Never entrust the purchase of good bee books to someone else -they too often get sidetracked!!

----------


## fatshark

> Thanks for that, Im going to make one of these gadgets as it will help me locate bumblebee nests too. I really enjoyed that I hope this book will be in my christmas sock.


Is it the best way to locate bumbles? I don't think I've heard people like Dave Goulson discuss it.

----------


## Thymallus

> Never entrust the purchase of good bee books to someone else -they too often get sidetracked!!


Concur with that. 
My last Xmas bee book metamorphosed into one of those Christmas jumper thing's.

----------


## Greengage

Re the Book afraid it does not work like that here santa always gets whats on the letter not a problem.
Maybe its not the best way to locate bumblebe nesting sites but..
1. It will be a bit of fun.
2. It might work better than the dog "Toby" it cost him a fortune to train

----------


## prakel

> It will be a bit of fun


This little site looks interesting too:

https://www.google.co.uk/url?sa=t&rc...PL90vRoBEgSRdA
*Beelining.org (aka beehunting.com)*

----------


## fatshark

Interesting find prakel. I think that Seeley comments on the accuracy (or not) of triangulation methods. For example, they'd surely fly around the water in the image posted ...?

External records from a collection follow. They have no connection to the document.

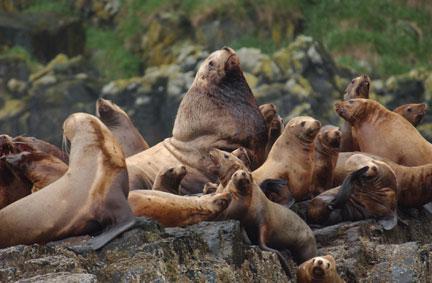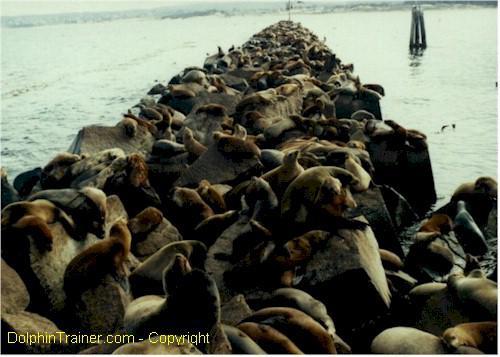The first image is the image on the left, the second image is the image on the right. Given the left and right images, does the statement "Seals are in various poses atop large rocks that extend out into the water, with water on both sides, in one image." hold true? Answer yes or no. Yes. The first image is the image on the left, the second image is the image on the right. For the images displayed, is the sentence "There are at least 5 brown seal in a group with there head head high in at least four directions." factually correct? Answer yes or no. Yes. 
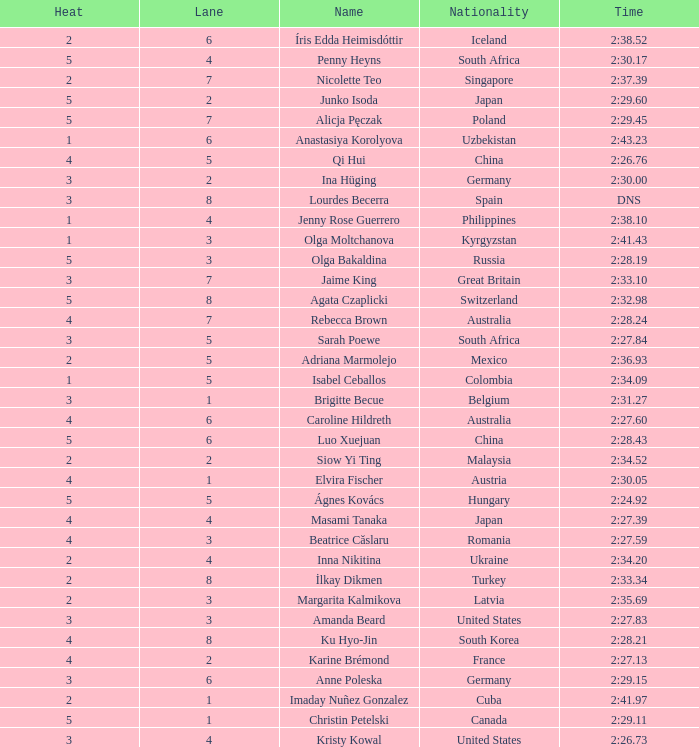What is the name that saw 4 heats and a lane higher than 7? Ku Hyo-Jin. 
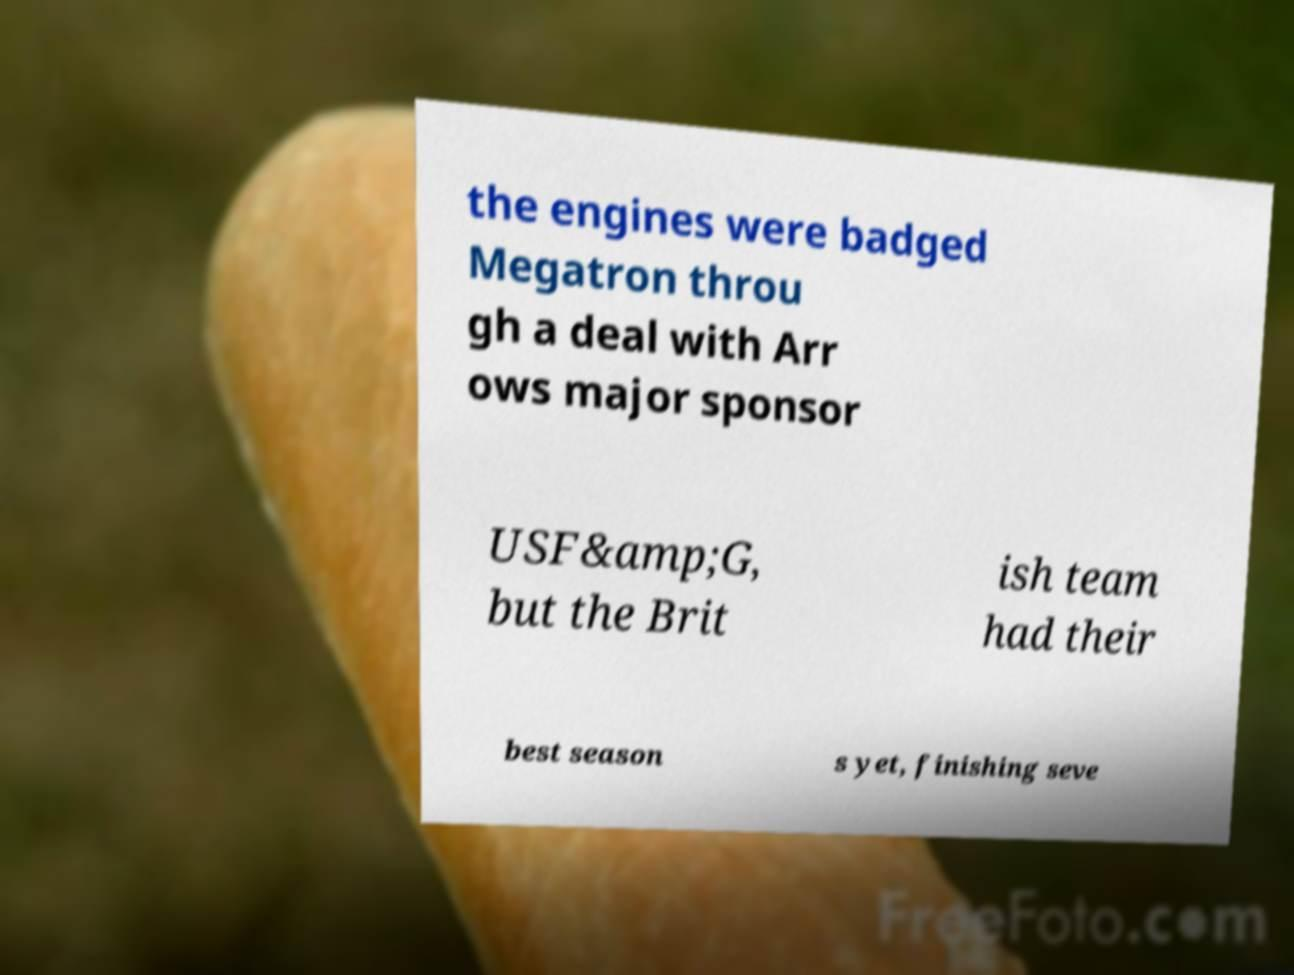I need the written content from this picture converted into text. Can you do that? the engines were badged Megatron throu gh a deal with Arr ows major sponsor USF&amp;G, but the Brit ish team had their best season s yet, finishing seve

When out walking in the hills above my house this summer I kept a good lookout for honey bees on big patches of suitable forage like rosebay willow herb. Despite knowing of a few hives within a mile or two I saw very few bees. Seeley makes a point about having suitable conditions in terms of available forage - maybe there was more than enough closer to home? I also suspect that there are very few feral colonies in my area. Nevertheless, a beelining box is on the list of things to make. Or you can buy them.

----------


## prakel

> buy them.


They've always, point blank, refused to ship to the UK when I've enquired about odds and ends, so may require a middleman. Wouldn't be as much fun as making our own either!

----------


## Greengage

they dont look too hard to make, 4" high by approx 12" long rectangular box.  inside use plywood for the slots and a bit of OMF floring for rear if no glass available.

----------


## fatshark

$45 when compared with the satisfaction of creating your own masterpiece together with the scar tissue to prove it ... a no brainer  :Wink:

----------


## Greengage

This could be a bit of fun for kids, teaching them about maths and natural history only Americans can think of these games.
http://bee-quick.com/reprints/500.pdf

----------